On the contrary, there are people with nationalistic sentiments that are reinforced, as in Sindh, by a strong linguistic tradition, a rich language and a wealth of literature.
English is another complicating factor. English is used as a medium of instruction mainly in private schools all over the country (68 percent) because they equate English with quality though this is a myth. Chasing the “English dream” is the government (especially in Punjab) that has switched over to the English medium in a big way. This is a new phenomenon of government schools — where the poor study — also turning to English medium (14 percent). This is mainly in Punjab. Since English is regarded to be the “language of power” as described by the leading linguist of Pakistan, Dr Tariq Rahman, this feature reflects the class divide as well. The rich go to private schools and learn in English. The poor go to public sector schools and learn in a local language.
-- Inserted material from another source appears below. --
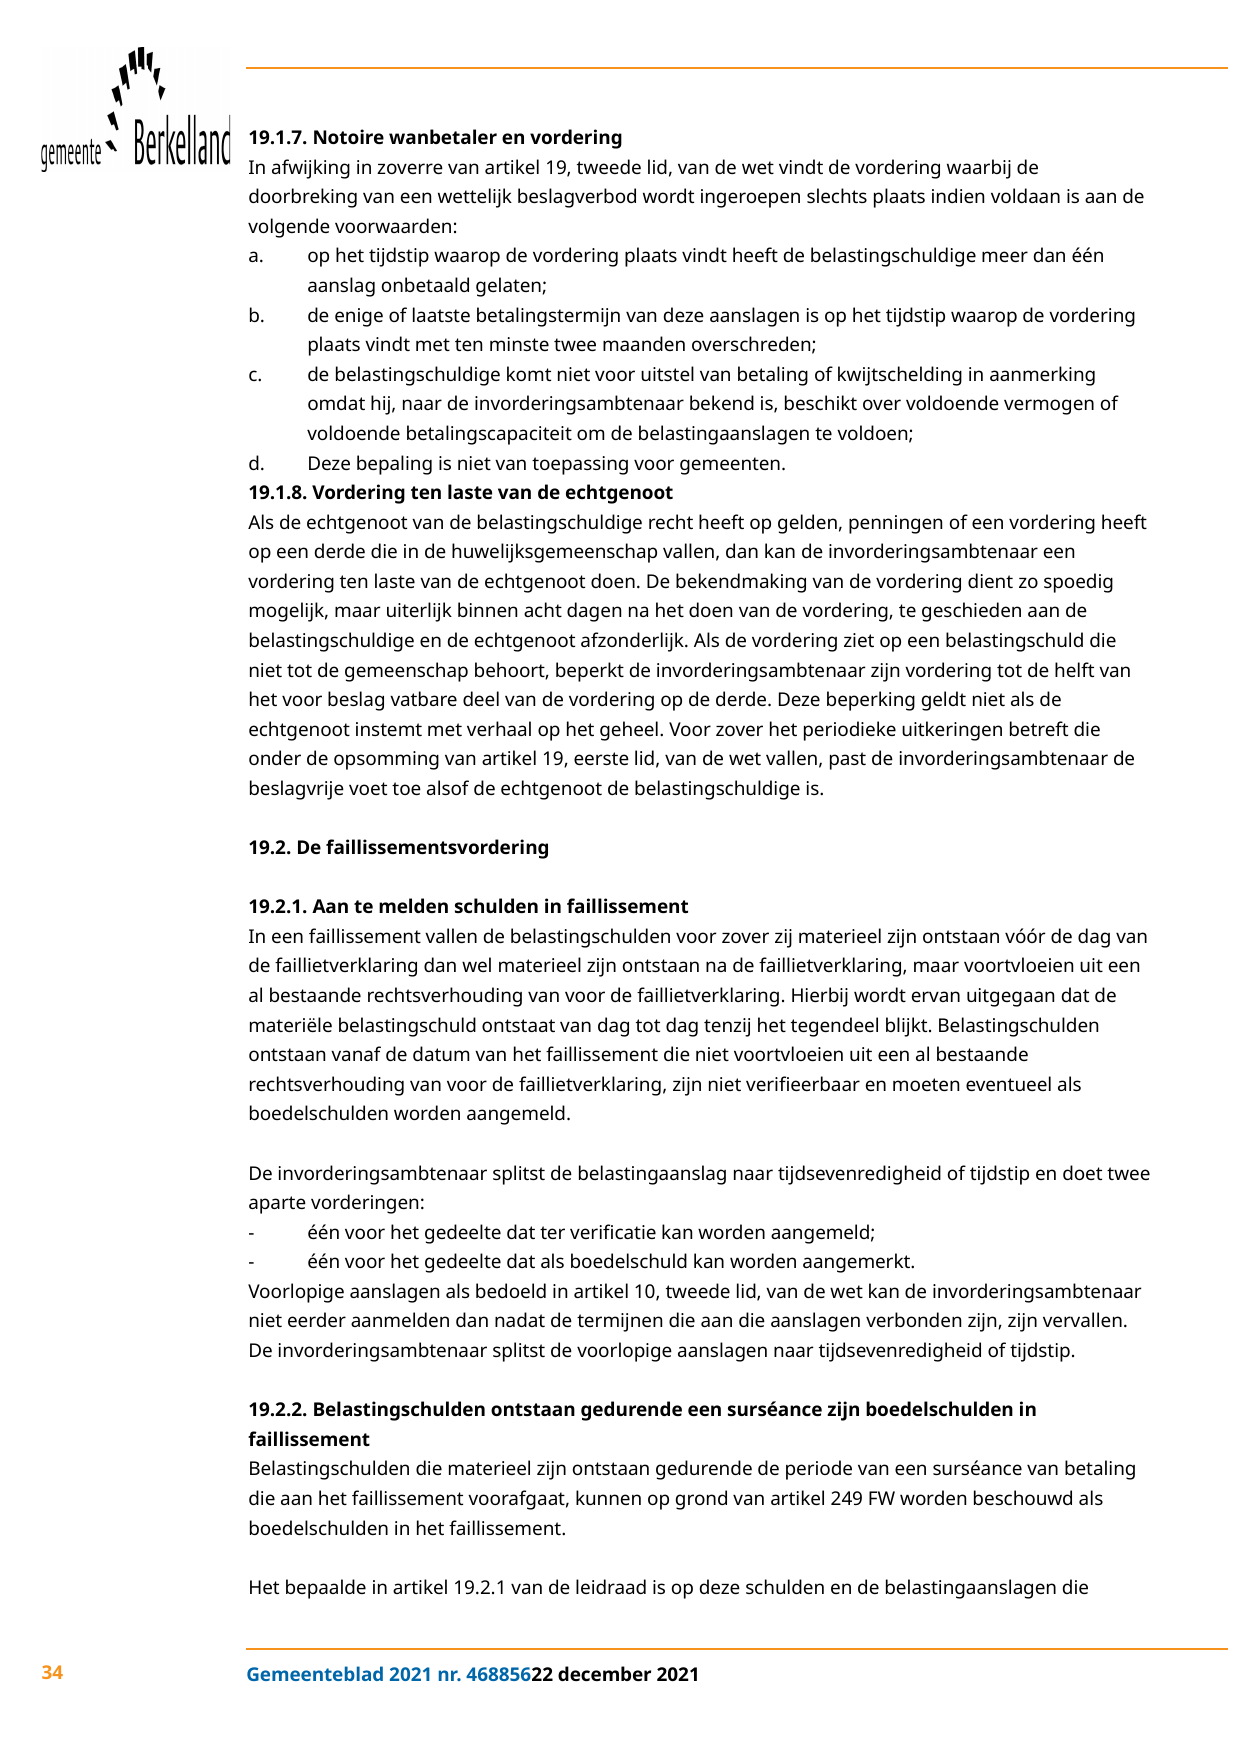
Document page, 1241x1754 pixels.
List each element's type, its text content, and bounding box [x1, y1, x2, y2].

It should be pointed out, though, that when a school describes its medium as English, it needs to be investigated further. My experience has shown that many institutions that describe themselves as English medium are actually using a concoction of various languages to teach their students. Since the textbooks are in English they call themselves English medium but the child cannot speak or express himself in correct English. This is most damaging to the child who simply resorts to the rote method to memorise the text and reproduce it in his exercise book.
What came as a pleasant surprise was that with the exception of ICT, nowhere else does a plurality exist for English as the preferred medium of instruction. In Islamabad 49 percent parents indicated English as their preferred language of education. In some provinces the support for English was extremely low at 3 percent in Balochistan and 7percent in Sindh. This explodes the myth that is propagated that parents want their children to be taught in English. Many parents may want their children to learn English as another language but that is different from using English as a medium.
The preference for the home language as the medium is also very pronounced, though ASER did not specify the language when it noted the preference for the home language. In fact a correlation between the medium preference and the home language should have been probed. In some regions it was conspicuously missing.
It is interesting that in Sindh 90 percent voted for “home language”, 60 percent in FATA were for “home language ” and 45 percent in KP want their home language to be the medium of instruction of their children in school. This is understandable. Pushto and Sindhi are developed languages with a rich stock of literature that cultivates a sense of pride in the speakers.
A word about Urdu. There is a strong preference indicated for Urdu in some provinces. They are Balochistan (
71 percent), AJK (70 percent), Gilgit Baltistan (54 percent) and Punjab (56 percent). These are the provinces where the indigenous languages have been overshadowed by Urdu. Yet that does not justify abandoning the mother tongue.
ASER should try to relate the child’s learning skills with the language that is the medium of instruction. It would be interesting to assess her/his performance against the language s/he learns in. Are her/his scores higher when s/he is taught in her/his mother tongue?